Comme par exemple, la lutte contre la pandémie qui ne connaît ni frontières, ni continents. Mais aussi des questions comme la Libye ou la Syrie.

Parallèlement, il constitue le socle pour la création de synergies dans différents domaines, comme l’économie, l’énergie, les transports, le tourisme, la culture, l’éducation, la protection civile, le dialogue entre les religions.

Pour la consolidation de la prospérité dans la région élargie, nous avons toutefois besoin d’un ingrédient fondamental, à savoir la paix. Malheureusement, la paix dans notre région est menacée au quotidien par des puissances révisionnistes et perturbatrices, invoquant non pas la raison, mais l’irrationnel.

Pour arriver à leurs fins, ces puissances entreprennent une série d’actions illégales et irrationnelles, comme l’accord turco-libyen.
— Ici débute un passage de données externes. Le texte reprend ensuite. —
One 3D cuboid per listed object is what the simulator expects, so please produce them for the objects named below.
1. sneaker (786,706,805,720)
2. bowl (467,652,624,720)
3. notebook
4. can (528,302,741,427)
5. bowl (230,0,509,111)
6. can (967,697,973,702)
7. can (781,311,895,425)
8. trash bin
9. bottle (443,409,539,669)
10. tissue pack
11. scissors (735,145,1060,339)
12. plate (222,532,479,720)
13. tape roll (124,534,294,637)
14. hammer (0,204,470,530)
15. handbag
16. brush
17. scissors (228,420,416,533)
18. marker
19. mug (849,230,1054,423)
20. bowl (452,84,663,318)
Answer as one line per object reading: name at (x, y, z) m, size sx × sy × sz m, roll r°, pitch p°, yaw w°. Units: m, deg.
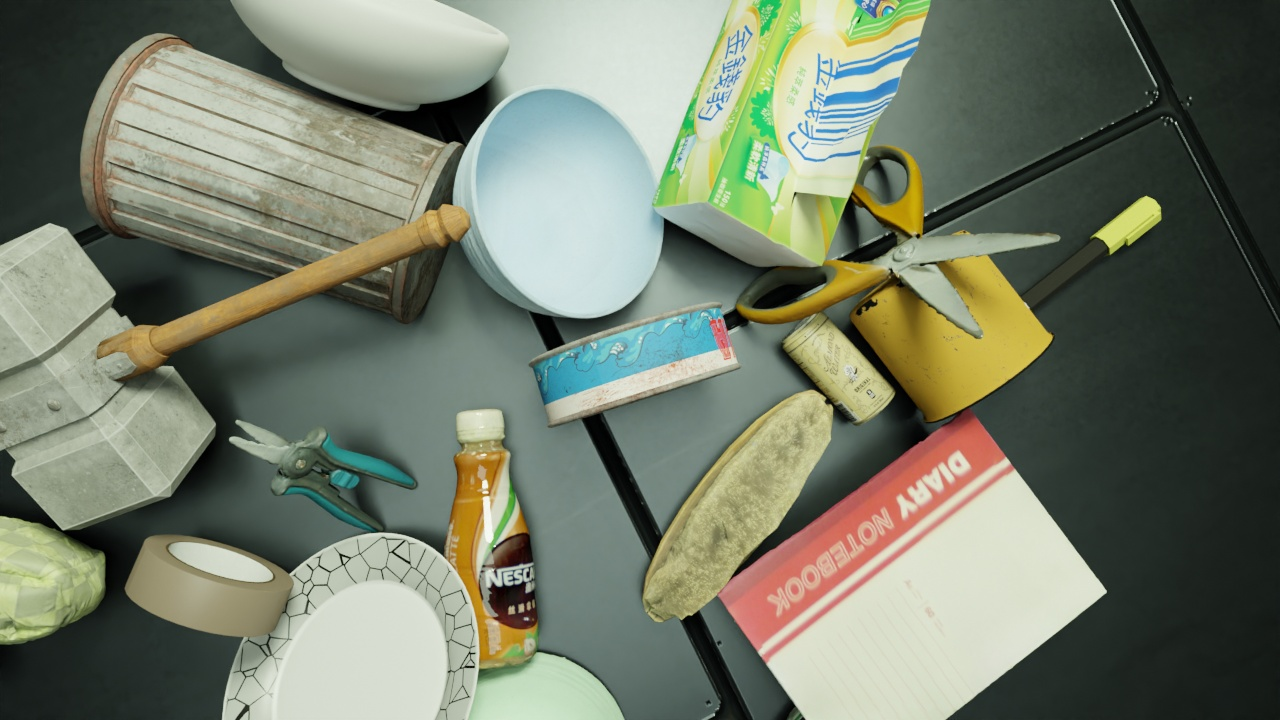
sneaker at (0.109, 0.302, 0.605) m, size 0.084 × 0.079 × 0.235 m, roll 42°, pitch 84°, yaw 1°
bowl at (-0.079, 0.273, 0.597) m, size 0.151 × 0.077 × 0.151 m, roll 0°, pitch 87°, yaw -5°
notebook at (0.176, 0.151, 0.596) m, size 0.208 × 0.012 × 0.153 m, roll -36°, pitch 87°, yaw -5°
can at (-0.003, 0.003, 0.591) m, size 0.130 × 0.130 × 0.044 m, roll -17°, pitch 87°, yaw -5°
bowl at (-0.177, -0.204, 0.585) m, size 0.176 × 0.176 × 0.066 m, roll 21°, pitch 110°, yaw -2°
can at (0.212, 0.159, 0.632) m, size 0.092 × 0.056 × 0.116 m, roll 41°, pitch 85°, yaw 1°
can at (0.138, 0.005, 0.646) m, size 0.038 × 0.038 × 0.079 m, roll -43°, pitch 90°, yaw -5°
trash bin at (-0.232, -0.114, 0.586) m, size 0.211 × 0.131 × 0.130 m, roll 19°, pitch 85°, yaw -4°
bottle at (-0.103, 0.117, 0.614) m, size 0.059 × 0.059 × 0.167 m, roll -5°, pitch 84°, yaw -4°
tissue pack at (0.112, -0.164, 0.590) m, size 0.120 × 0.141 × 0.197 m, roll 17°, pitch 88°, yaw -29°
scissors at (0.151, -0.065, 0.597) m, size 0.217 × 0.225 × 0.016 m, roll -35°, pitch 124°, yaw 17°
plate at (-0.182, 0.204, 0.584) m, size 0.189 × 0.016 × 0.188 m, roll -11°, pitch 59°, yaw 18°
tape roll at (-0.272, 0.142, 0.584) m, size 0.093 × 0.094 × 0.030 m, roll 22°, pitch 85°, yaw -2°
hammer at (-0.240, -0.026, 0.529) m, size 0.318 × 0.082 × 0.163 m, roll -20°, pitch 118°, yaw 12°
handbag at (-0.438, 0.152, 0.566) m, size 0.186 × 0.113 × 0.117 m, roll 10°, pitch 93°, yaw -4°
brush at (0.067, 0.100, 0.632) m, size 0.059 × 0.043 × 0.195 m, roll 39°, pitch 86°, yaw 0°
scissors at (-0.196, 0.069, 0.585) m, size 0.019 × 0.143 × 0.127 m, roll 31°, pitch 123°, yaw 36°
marker at (0.329, -0.076, 0.672) m, size 0.124 × 0.021 × 0.017 m, roll -37°, pitch 134°, yaw -4°
mug at (0.213, -0.029, 0.630) m, size 0.094 × 0.101 × 0.123 m, roll 53°, pitch 44°, yaw 3°
bowl at (-0.064, -0.097, 0.610) m, size 0.150 × 0.075 × 0.150 m, roll 6°, pitch 80°, yaw -39°
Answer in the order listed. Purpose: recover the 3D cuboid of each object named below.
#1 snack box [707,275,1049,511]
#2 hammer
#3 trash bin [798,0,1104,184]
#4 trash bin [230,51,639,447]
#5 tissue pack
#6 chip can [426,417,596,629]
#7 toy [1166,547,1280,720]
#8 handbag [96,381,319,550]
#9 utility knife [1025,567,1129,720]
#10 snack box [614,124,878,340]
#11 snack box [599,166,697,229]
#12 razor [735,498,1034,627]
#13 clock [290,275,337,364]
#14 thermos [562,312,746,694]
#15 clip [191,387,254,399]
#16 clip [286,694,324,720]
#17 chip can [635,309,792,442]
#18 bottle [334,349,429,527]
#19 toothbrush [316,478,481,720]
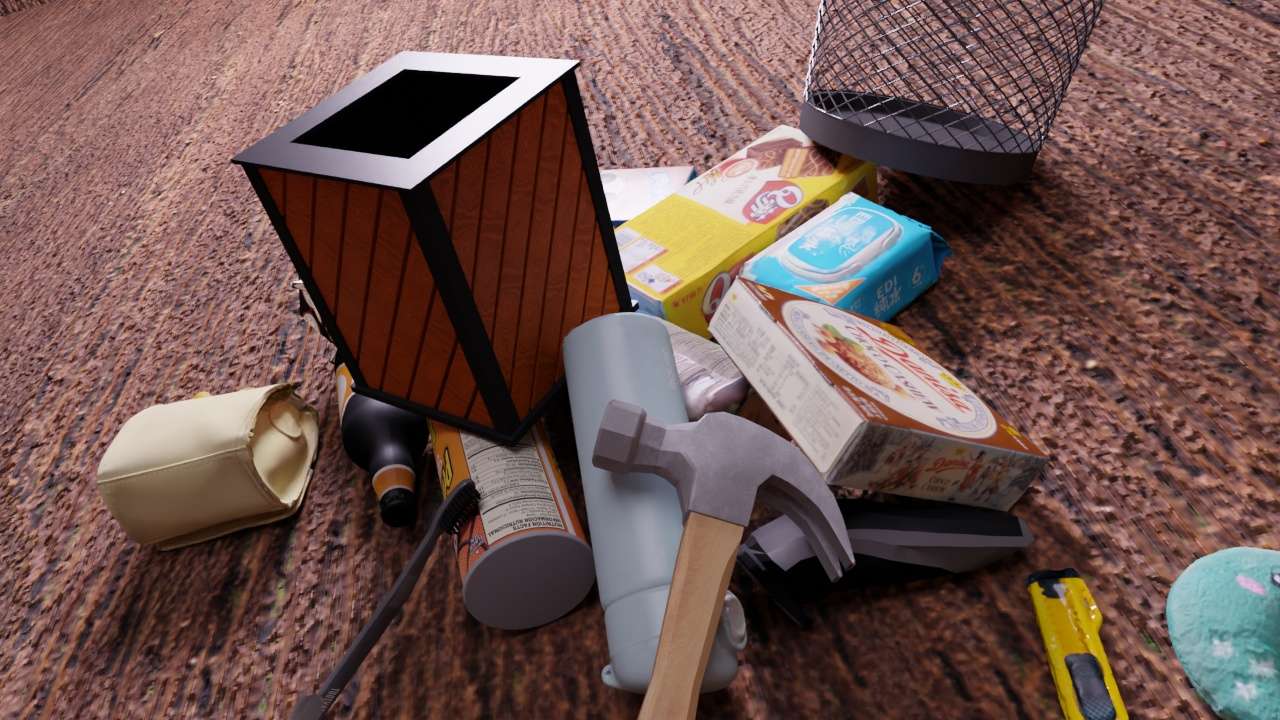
[{"bbox_3d":[0.131,0.019,0.524,0.146,0.041,0.143,13,27,-32],"label":"snack box"},{"bbox_3d":[0.006,0.172,0.385,0.131,0.039,0.327,16,62,2],"label":"hammer"},{"bbox_3d":[0.240,-0.274,0.699,0.217,0.228,0.217,8,27,-4],"label":"trash bin"},{"bbox_3d":[-0.112,-0.072,0.555,0.140,0.172,0.139,15,47,31],"label":"trash bin"},{"bbox_3d":[0.145,-0.065,0.664,0.144,0.062,0.093,-35,42,-21],"label":"tissue pack"},{"bbox_3d":[-0.093,0.063,0.586,0.075,0.075,0.215,-22,39,-6],"label":"chip can"},{"bbox_3d":[0.289,0.123,0.418,0.105,0.033,0.085,-35,53,-23],"label":"toy"},{"bbox_3d":[-0.299,0.067,0.657,0.119,0.081,0.111,-14,32,6],"label":"handbag"},{"bbox_3d":[0.208,0.166,0.410,0.030,0.017,0.178,-15,41,17],"label":"utility knife"},{"bbox_3d":[0.074,-0.100,0.731,0.229,0.062,0.110,-35,42,-21],"label":"snack box"},{"bbox_3d":[-0.030,-0.138,0.834,0.151,0.034,0.087,2,43,21],"label":"snack box"},{"bbox_3d":[0.128,0.099,0.488,0.156,0.057,0.060,-15,81,0],"label":"razor"},{"bbox_3d":[-0.204,-0.070,0.752,0.154,0.115,0.065,-34,42,-24],"label":"clock"},{"bbox_3d":[0.003,0.075,0.498,0.078,0.065,0.206,-25,58,23],"label":"thermos"},{"bbox_3d":[-0.333,0.037,0.739,0.054,0.044,0.049,28,81,42],"label":"clip"},{"bbox_3d":[-0.164,0.200,0.468,0.058,0.102,0.050,13,39,-34],"label":"clip"},{"bbox_3d":[-0.004,0.004,0.627,0.079,0.080,0.230,-40,44,-26],"label":"chip can"},{"bbox_3d":[-0.180,0.048,0.648,0.059,0.059,0.181,-22,39,-7],"label":"bottle"},{"bbox_3d":[-0.139,0.136,0.506,0.167,0.013,0.013,-55,45,1],"label":"toothbrush"}]
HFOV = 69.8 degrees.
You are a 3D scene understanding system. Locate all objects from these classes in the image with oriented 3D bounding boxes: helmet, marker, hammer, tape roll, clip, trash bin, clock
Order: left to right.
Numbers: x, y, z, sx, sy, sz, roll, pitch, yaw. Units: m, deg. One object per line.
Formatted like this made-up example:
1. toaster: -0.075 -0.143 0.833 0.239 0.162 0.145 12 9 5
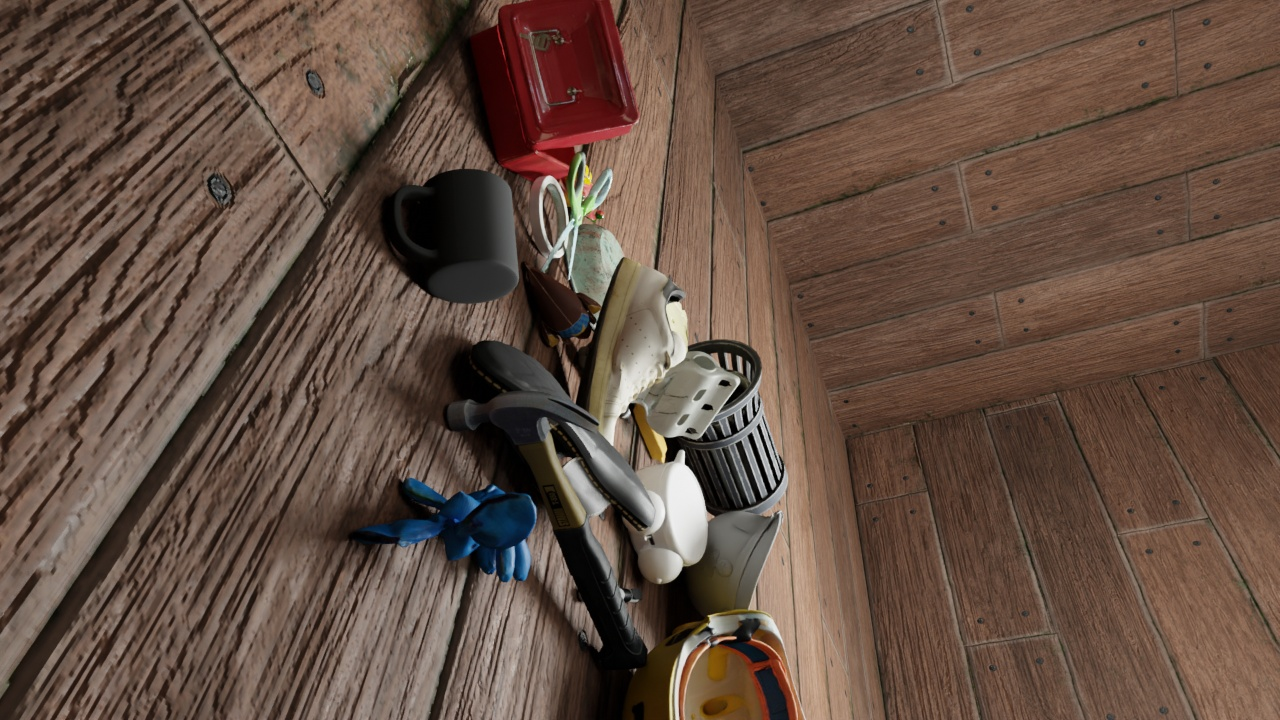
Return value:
1. tape roll: -0.104 -0.163 1.048 0.093 0.013 0.093 -3 89 -74
2. hammer: -0.055 0.162 0.816 0.025 0.118 0.333 -76 152 -54
3. marker: -0.030 0.245 0.957 0.140 0.016 0.016 35 42 -65
4. clock: 0.025 0.191 1.115 0.160 0.073 0.125 -40 114 -64
5. clip: 0.037 0.038 1.156 0.142 0.125 0.072 21 37 -11
6. helmet: 0.056 0.372 0.928 0.239 0.140 0.209 -2 71 -50
7. helmet: 0.105 0.267 1.210 0.271 0.118 0.183 53 57 -77
8. trash bin: 0.122 0.109 1.330 0.163 0.164 0.228 -84 157 -50

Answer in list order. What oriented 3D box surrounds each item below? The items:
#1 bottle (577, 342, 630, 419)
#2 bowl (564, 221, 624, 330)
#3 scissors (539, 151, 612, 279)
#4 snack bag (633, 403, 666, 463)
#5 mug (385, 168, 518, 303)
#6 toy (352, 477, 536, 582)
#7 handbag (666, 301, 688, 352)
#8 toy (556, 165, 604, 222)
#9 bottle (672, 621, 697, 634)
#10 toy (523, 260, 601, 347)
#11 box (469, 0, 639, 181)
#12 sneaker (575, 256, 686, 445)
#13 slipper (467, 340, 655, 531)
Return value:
1. bottle: -0.039 0.027 1.081 0.036 0.036 0.110 -84 154 -50
2. bowl: -0.047 -0.109 1.170 0.157 0.039 0.157 -15 90 -73
3. scissors: -0.070 -0.164 1.046 0.173 0.022 0.172 -61 168 -47
4. snack bag: 0.013 0.092 1.222 0.026 0.020 0.099 -62 135 -58
5. mug: -0.158 -0.106 0.765 0.113 0.078 0.088 13 60 -41
6. toy: -0.115 0.122 0.662 0.176 0.113 0.071 55 38 -69
7. handbag: 0.023 -0.027 1.243 0.111 0.081 0.119 46 33 -45
8. toy: -0.080 -0.218 1.147 0.084 0.046 0.103 30 32 -36
9. bottle: 0.075 0.396 1.071 0.071 0.071 0.163 57 24 -46
10. toy: -0.091 -0.066 1.003 0.103 0.070 0.090 52 3 2
11. box: -0.105 -0.294 1.023 0.168 0.153 0.157 153 -75 -76
12. sneaker: -0.006 0.006 0.998 0.089 0.102 0.241 125 -20 -65
13. slipper: -0.079 0.082 0.849 0.268 0.076 0.113 50 3 -34

Elles menacent ou recourent à la force. Elles occupent les territoires d’autres Etats. Soutiennent des groupes ou des idéologies extrémistes, favorisent le terrorisme, s’ingèrent dans les affaires internes des autres pays dans le but de renverser des gouvernements qui ne leur sont pas favorables.

Ce qui nous rassemble tous aujourd’hui, ici, est la condamnation de telles actions, la condamnation d’actions irrationnelles, qui sapent la paix et la sécurité.

Notre but est de bâtir un rempart contre les menaces, la violence, l’extrémisme, l’intolérance, la distorsion de la religion, l’absurdité.

Cette position procède de nos principes communs, qui ne sont autres que ceux déclinés dans la Charte des Nations Unies. A savoir les relations de bon voisinage, la résolution pacifique des différends sur la base du droit international.

Manifestement, ce n’est pas par hasard que tous les pays aujourd’hui, ici, ont signé la Convention des Nations Unies pour le Droit de la Mer, qui constitue, comme chacun sait, du droit coutumier également.

J’aimerais être clair : nous n’avons pas l’intention de créer une alliance défensive. Le Forum ne se retourne contre personne.

Nous tendons la main de l’amitié dans toutes les directions. Sans aucune exception. À une seule condition : le respect du droit international et des principes fondamentaux du comportement international.

Chers collègues, notre pays, la Grèce, ambitionne de devenir un pont entre la Méditerranée de l’est et le Golfe et les Balkans et le reste de l’Europe.

Et à ce stade, j’aimerais saluer le courage et la vision ainsi que les efforts inlassables déployés par les pays représentés aujourd’hui ici pour la promotion de la paix et de la prospérité dans la région.

Nous cassons le cercle vicieux qui perdure depuis des années. Nous essayons d’ouvrir de nouvelles voies de paix et de coopération.